─── Dataset entries ───
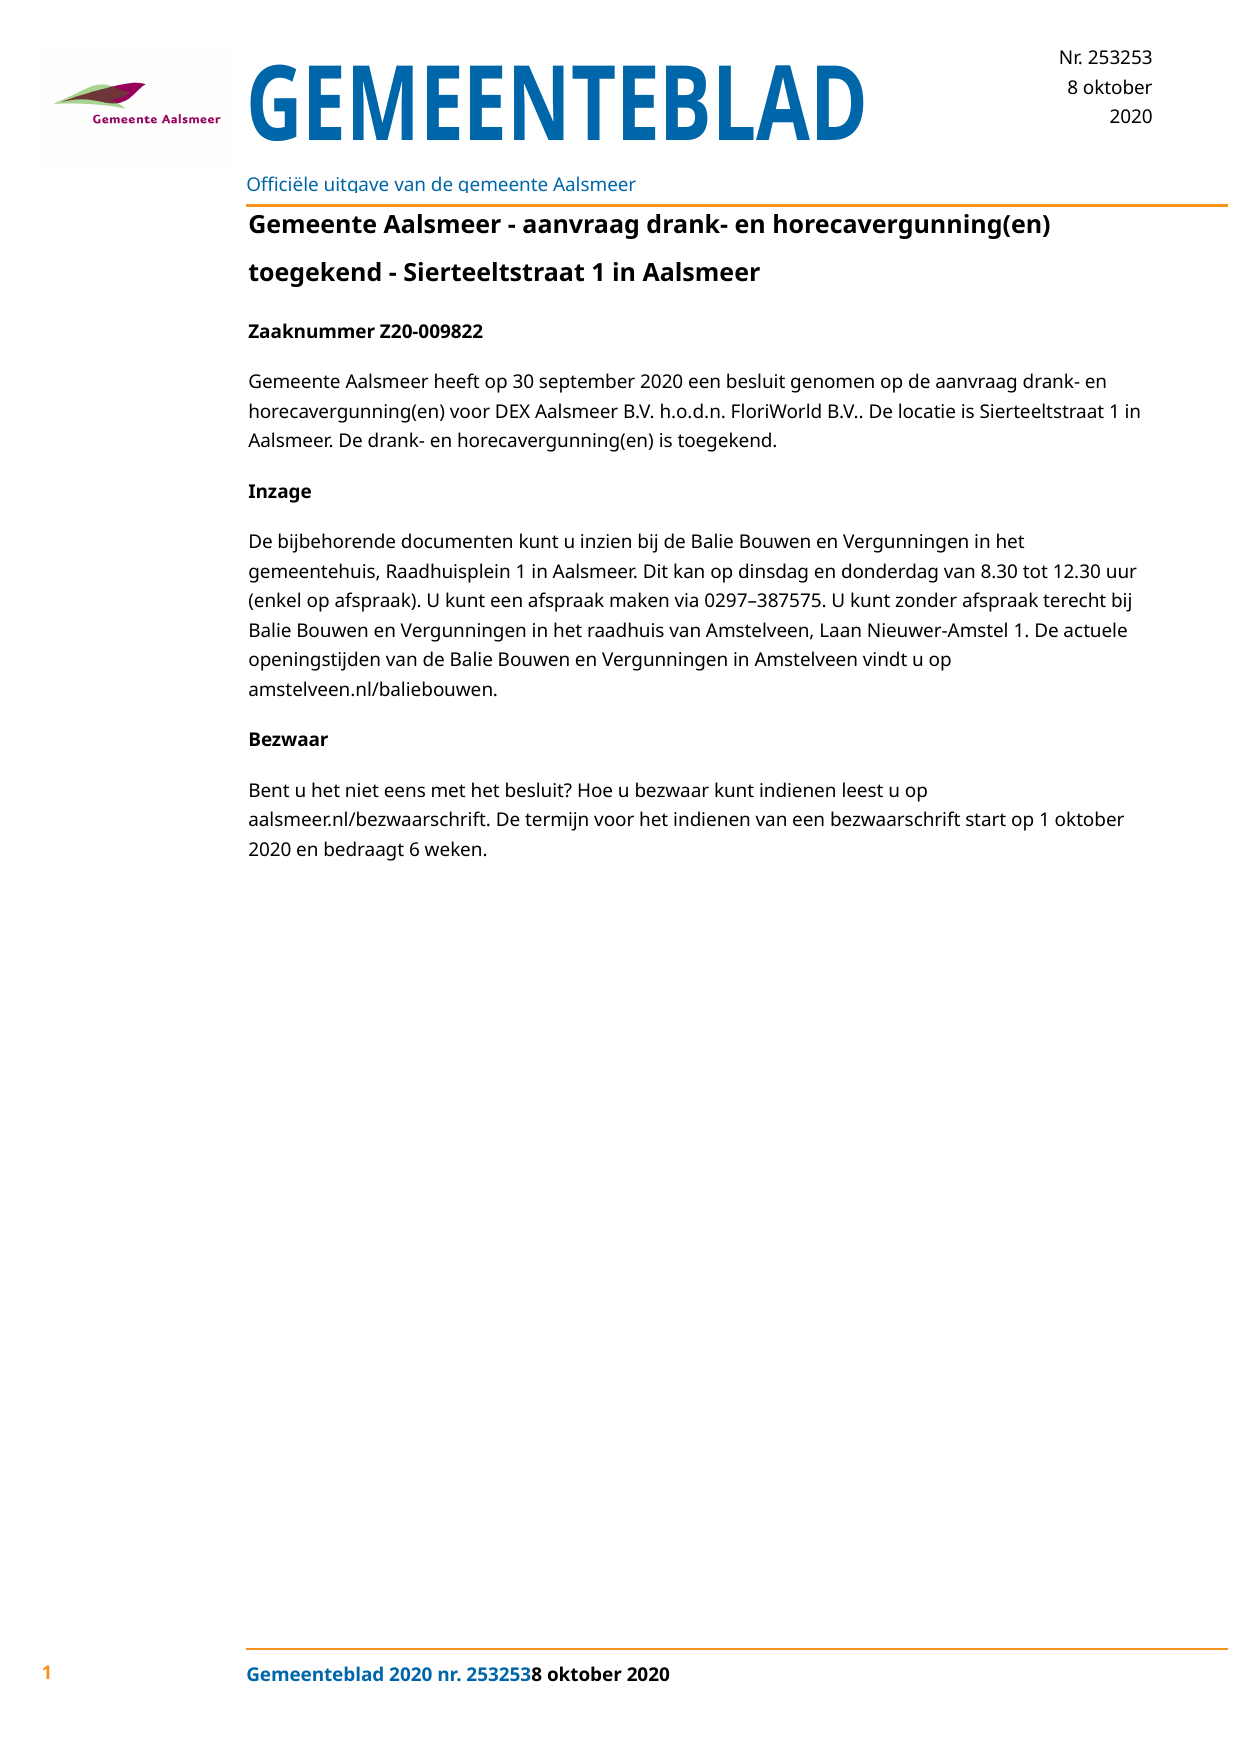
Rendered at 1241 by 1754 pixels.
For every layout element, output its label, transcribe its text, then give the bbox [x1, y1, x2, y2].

text De bijbehorende documenten kunt u inzien bij de Balie Bouwen en Vergunningen in het gemeentehuis, Raadhuisplein 1 in Aalsmeer. Dit kan op dinsdag en donderdag van 8.30 tot 12.30 uur (enkel op afspraak). U kunt een afspraak maken via 0297–387575. U kunt zonder afspraak terecht bij Balie Bouwen en Vergunningen in het raadhuis van Amstelveen, Laan Nieuwer-Amstel 1. De actuele openingstijden van de Balie Bouwen en Vergunningen in Amstelveen vindt u op amstelveen.nl/baliebouwen. [248, 528, 1152, 702]
text Zaaknummer Z20-009822 [248, 318, 1152, 344]
text Inzage [248, 478, 1152, 504]
text Bent u het niet eens met het besluit? Hoe u bezwaar kunt indienen leest u op aalsmeer.nl/bezwaarschrift. De termijn voor het indienen van een bezwaarschrift start op 1 oktober 2020 en bedraagt 6 weken. [248, 777, 1152, 862]
picture [41, 47, 231, 172]
text Bezwaar [248, 727, 1152, 752]
text Gemeente Aalsmeer heeft op 30 september 2020 een besluit genomen op de aanvraag drank- en horecavergunning(en) voor DEX Aalsmeer B.V. h.o.d.n. FloriWorld B.V.. De locatie is Sierteeltstraat 1 in Aalsmeer. De drank- en horecavergunning(en) is toegekend. [248, 368, 1152, 453]
text Gemeente Aalsmeer - aanvraag drank- en horecavergunning(en) toegekend - Sierteeltstraat 1 in Aalsmeer [248, 207, 1152, 288]
───
Your instructions: The records above must be returned exactly, with each picture omitted.

Solution to the exercise:
Rendered at 1241 by 1754 pixels.
For every layout element, output its label, transcribe its text, then give the bbox [x1, y1, x2, y2].

text De bijbehorende documenten kunt u inzien bij de Balie Bouwen en Vergunningen in het gemeentehuis, Raadhuisplein 1 in Aalsmeer. Dit kan op dinsdag en donderdag van 8.30 tot 12.30 uur (enkel op afspraak). U kunt een afspraak maken via 0297–387575. U kunt zonder afspraak terecht bij Balie Bouwen en Vergunningen in het raadhuis van Amstelveen, Laan Nieuwer-Amstel 1. De actuele openingstijden van de Balie Bouwen en Vergunningen in Amstelveen vindt u op amstelveen.nl/baliebouwen. [248, 528, 1152, 702]
text Zaaknummer Z20-009822 [248, 318, 1152, 344]
text Inzage [248, 478, 1152, 504]
text Bent u het niet eens met het besluit? Hoe u bezwaar kunt indienen leest u op aalsmeer.nl/bezwaarschrift. De termijn voor het indienen van een bezwaarschrift start op 1 oktober 2020 en bedraagt 6 weken. [248, 777, 1152, 862]
picture [41, 47, 231, 172]
text Bezwaar [248, 727, 1152, 752]
text Gemeente Aalsmeer heeft op 30 september 2020 een besluit genomen op de aanvraag drank- en horecavergunning(en) voor DEX Aalsmeer B.V. h.o.d.n. FloriWorld B.V.. De locatie is Sierteeltstraat 1 in Aalsmeer. De drank- en horecavergunning(en) is toegekend. [248, 368, 1152, 453]
text Gemeente Aalsmeer - aanvraag drank- en horecavergunning(en) toegekend - Sierteeltstraat 1 in Aalsmeer [248, 207, 1152, 288]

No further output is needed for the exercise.